PRD-006: OpenAI Provider Integration

  • Status: ✅ Implemented (v2.4.0)
  • Related RFCs: RFC-013, RFC-017, RFC-021, RFC-022, RFC-029

Summary

Add OpenAI API as an optional provider for speaker detection (NER), transcription, and summarization capabilities, enabling users to choose between local on-device processing and cloud-based API services.
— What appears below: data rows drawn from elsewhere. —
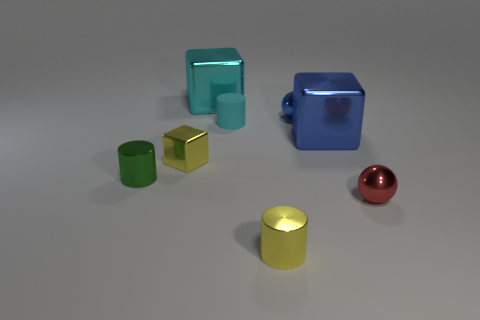What number of objects are either cyan objects or large cubes?
Your answer should be compact. 3. There is a tiny blue object that is behind the object that is to the left of the yellow metal cube; what shape is it?
Your answer should be compact. Sphere. What number of other objects are there of the same material as the tiny cyan cylinder?
Make the answer very short. 0. Is the material of the small cyan cylinder the same as the tiny sphere behind the tiny cyan thing?
Give a very brief answer. No. What number of objects are small metallic spheres that are in front of the cyan rubber thing or yellow shiny things right of the yellow cube?
Give a very brief answer. 2. What number of other things are the same color as the tiny rubber thing?
Provide a short and direct response. 1. Is the number of large objects left of the yellow metal cylinder greater than the number of big metallic blocks that are on the right side of the small cyan rubber cylinder?
Make the answer very short. No. Is there anything else that is the same size as the red sphere?
Offer a very short reply. Yes. What number of balls are tiny red metallic things or tiny things?
Your answer should be very brief. 2. How many objects are cyan things in front of the cyan metallic thing or small green things?
Your answer should be very brief. 2. 
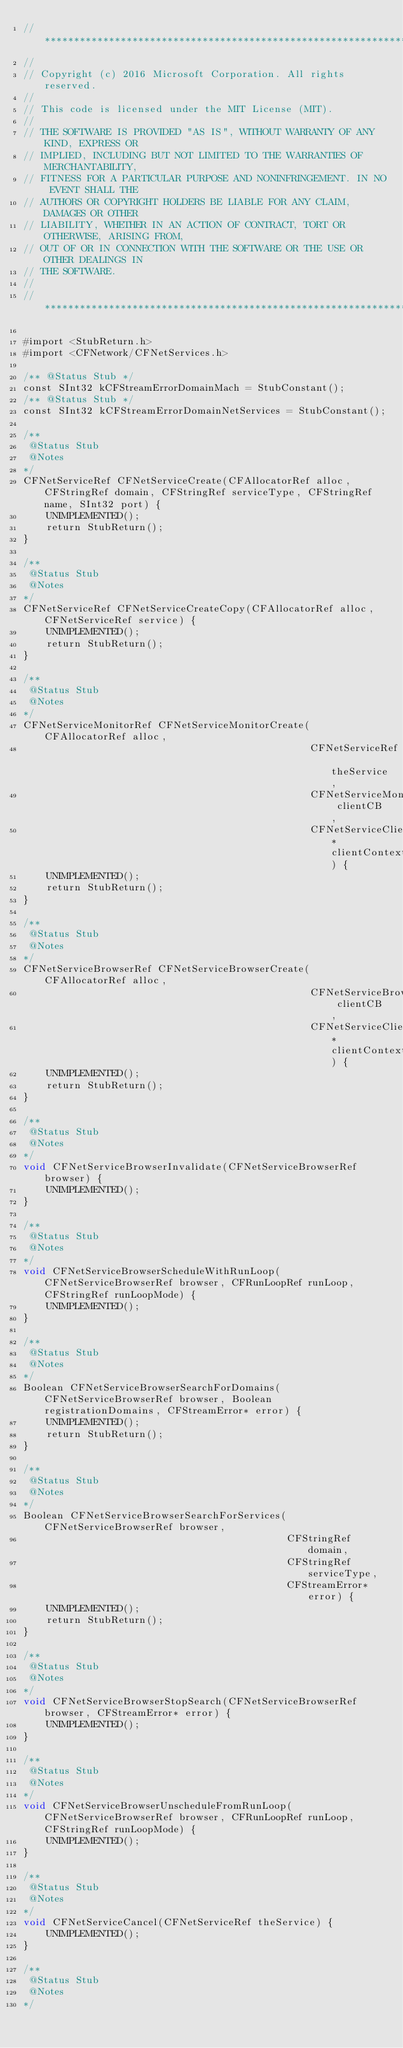Convert code to text. <code><loc_0><loc_0><loc_500><loc_500><_ObjectiveC_>//******************************************************************************
//
// Copyright (c) 2016 Microsoft Corporation. All rights reserved.
//
// This code is licensed under the MIT License (MIT).
//
// THE SOFTWARE IS PROVIDED "AS IS", WITHOUT WARRANTY OF ANY KIND, EXPRESS OR
// IMPLIED, INCLUDING BUT NOT LIMITED TO THE WARRANTIES OF MERCHANTABILITY,
// FITNESS FOR A PARTICULAR PURPOSE AND NONINFRINGEMENT. IN NO EVENT SHALL THE
// AUTHORS OR COPYRIGHT HOLDERS BE LIABLE FOR ANY CLAIM, DAMAGES OR OTHER
// LIABILITY, WHETHER IN AN ACTION OF CONTRACT, TORT OR OTHERWISE, ARISING FROM,
// OUT OF OR IN CONNECTION WITH THE SOFTWARE OR THE USE OR OTHER DEALINGS IN
// THE SOFTWARE.
//
//******************************************************************************

#import <StubReturn.h>
#import <CFNetwork/CFNetServices.h>

/** @Status Stub */
const SInt32 kCFStreamErrorDomainMach = StubConstant();
/** @Status Stub */
const SInt32 kCFStreamErrorDomainNetServices = StubConstant();

/**
 @Status Stub
 @Notes
*/
CFNetServiceRef CFNetServiceCreate(CFAllocatorRef alloc, CFStringRef domain, CFStringRef serviceType, CFStringRef name, SInt32 port) {
    UNIMPLEMENTED();
    return StubReturn();
}

/**
 @Status Stub
 @Notes
*/
CFNetServiceRef CFNetServiceCreateCopy(CFAllocatorRef alloc, CFNetServiceRef service) {
    UNIMPLEMENTED();
    return StubReturn();
}

/**
 @Status Stub
 @Notes
*/
CFNetServiceMonitorRef CFNetServiceMonitorCreate(CFAllocatorRef alloc,
                                                 CFNetServiceRef theService,
                                                 CFNetServiceMonitorClientCallBack clientCB,
                                                 CFNetServiceClientContext* clientContext) {
    UNIMPLEMENTED();
    return StubReturn();
}

/**
 @Status Stub
 @Notes
*/
CFNetServiceBrowserRef CFNetServiceBrowserCreate(CFAllocatorRef alloc,
                                                 CFNetServiceBrowserClientCallBack clientCB,
                                                 CFNetServiceClientContext* clientContext) {
    UNIMPLEMENTED();
    return StubReturn();
}

/**
 @Status Stub
 @Notes
*/
void CFNetServiceBrowserInvalidate(CFNetServiceBrowserRef browser) {
    UNIMPLEMENTED();
}

/**
 @Status Stub
 @Notes
*/
void CFNetServiceBrowserScheduleWithRunLoop(CFNetServiceBrowserRef browser, CFRunLoopRef runLoop, CFStringRef runLoopMode) {
    UNIMPLEMENTED();
}

/**
 @Status Stub
 @Notes
*/
Boolean CFNetServiceBrowserSearchForDomains(CFNetServiceBrowserRef browser, Boolean registrationDomains, CFStreamError* error) {
    UNIMPLEMENTED();
    return StubReturn();
}

/**
 @Status Stub
 @Notes
*/
Boolean CFNetServiceBrowserSearchForServices(CFNetServiceBrowserRef browser,
                                             CFStringRef domain,
                                             CFStringRef serviceType,
                                             CFStreamError* error) {
    UNIMPLEMENTED();
    return StubReturn();
}

/**
 @Status Stub
 @Notes
*/
void CFNetServiceBrowserStopSearch(CFNetServiceBrowserRef browser, CFStreamError* error) {
    UNIMPLEMENTED();
}

/**
 @Status Stub
 @Notes
*/
void CFNetServiceBrowserUnscheduleFromRunLoop(CFNetServiceBrowserRef browser, CFRunLoopRef runLoop, CFStringRef runLoopMode) {
    UNIMPLEMENTED();
}

/**
 @Status Stub
 @Notes
*/
void CFNetServiceCancel(CFNetServiceRef theService) {
    UNIMPLEMENTED();
}

/**
 @Status Stub
 @Notes
*/</code> 
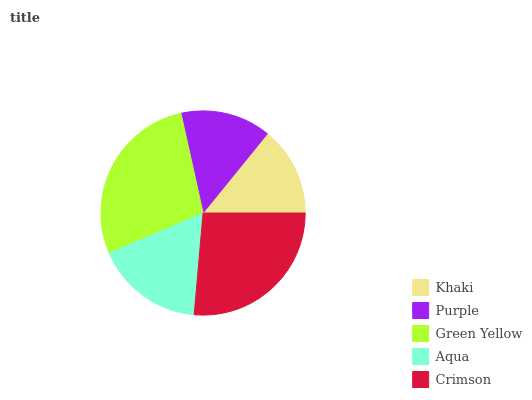Is Khaki the minimum?
Answer yes or no. Yes. Is Green Yellow the maximum?
Answer yes or no. Yes. Is Purple the minimum?
Answer yes or no. No. Is Purple the maximum?
Answer yes or no. No. Is Purple greater than Khaki?
Answer yes or no. Yes. Is Khaki less than Purple?
Answer yes or no. Yes. Is Khaki greater than Purple?
Answer yes or no. No. Is Purple less than Khaki?
Answer yes or no. No. Is Aqua the high median?
Answer yes or no. Yes. Is Aqua the low median?
Answer yes or no. Yes. Is Khaki the high median?
Answer yes or no. No. Is Purple the low median?
Answer yes or no. No. 
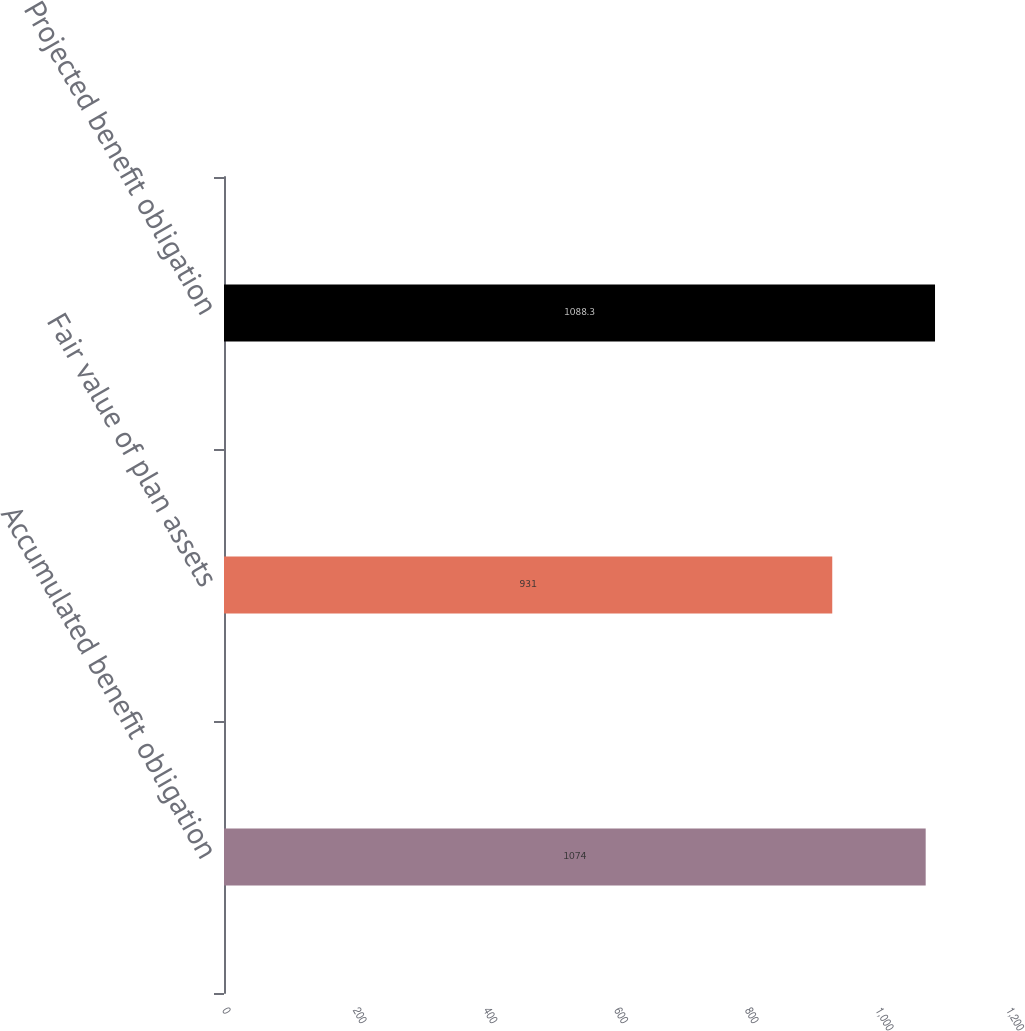<chart> <loc_0><loc_0><loc_500><loc_500><bar_chart><fcel>Accumulated benefit obligation<fcel>Fair value of plan assets<fcel>Projected benefit obligation<nl><fcel>1074<fcel>931<fcel>1088.3<nl></chart>

This builds on the modularization refactoring (RFC-021) to provide seamless provider switching without changing end-user experience or workflow behavior.

Background & Context

Currently, the podcast scraper uses on-device AI/ML models:

  • Speaker Detection: spaCy NER models running locally
  • Transcription: OpenAI Whisper models running locally
  • Summarization: Hugging Face transformer models (BART, LED) running locally

While on-device processing provides privacy and predictable costs, some users may prefer:

  • Higher accuracy: OpenAI's models may provide better results for speaker detection and summarization
  • Reduced resource usage: Offload processing to cloud, reducing on-device CPU/GPU/memory requirements
  • Faster processing: API-based transcription can be faster than local Whisper for some users
  • Better quality: OpenAI's GPT models may produce higher-quality summaries than local transformers

This PRD addresses the need to add OpenAI as a provider option while maintaining backward compatibility and zero changes to end-user experience when using default (local) providers.

Goals

  • Add OpenAI API as provider option for speaker detection, transcription, and summarization
  • Maintain 100% backward compatibility - no changes to existing behavior with default (local) providers
  • Provide secure API key management via environment variables and .env files (never in source code)
  • Use python-dotenv for convenient environment variable management per environment
  • Enable per-capability provider selection (can mix local and OpenAI providers)
  • Maintain existing parallelism and performance characteristics where applicable
  • Support both development and production environments for API key storage

OpenAI Model Selection and Cost Analysis

Configuration Fields

Add to config.py when implementing OpenAI providers:

# OpenAI Model Selection

openai_speaker_model: str = Field(
    default="gpt-4o-mini",
    description="OpenAI model for speaker detection (entity extraction)"
)

openai_summary_model: str = Field(
    default="gpt-4o-mini",
    description="OpenAI model for summarization"
)

openai_transcription_model: str = Field(
    default="whisper-1",
    description="OpenAI Whisper API model version"
)

# OpenAI API Configuration

openai_api_key: Optional[str] = Field(
    default=None,
    description="OpenAI API key (prefer OPENAI_API_KEY environment variable or .env file)"
)

openai_temperature: float = Field(
    default=0.3,
    ge=0.0,
    le=2.0,
    description="Temperature for OpenAI generation (0.0-2.0, lower = more deterministic)"
)

openai_max_tokens: Optional[int] = Field(
    default=None,
    description="Max tokens for OpenAI generation (None = model default)"
)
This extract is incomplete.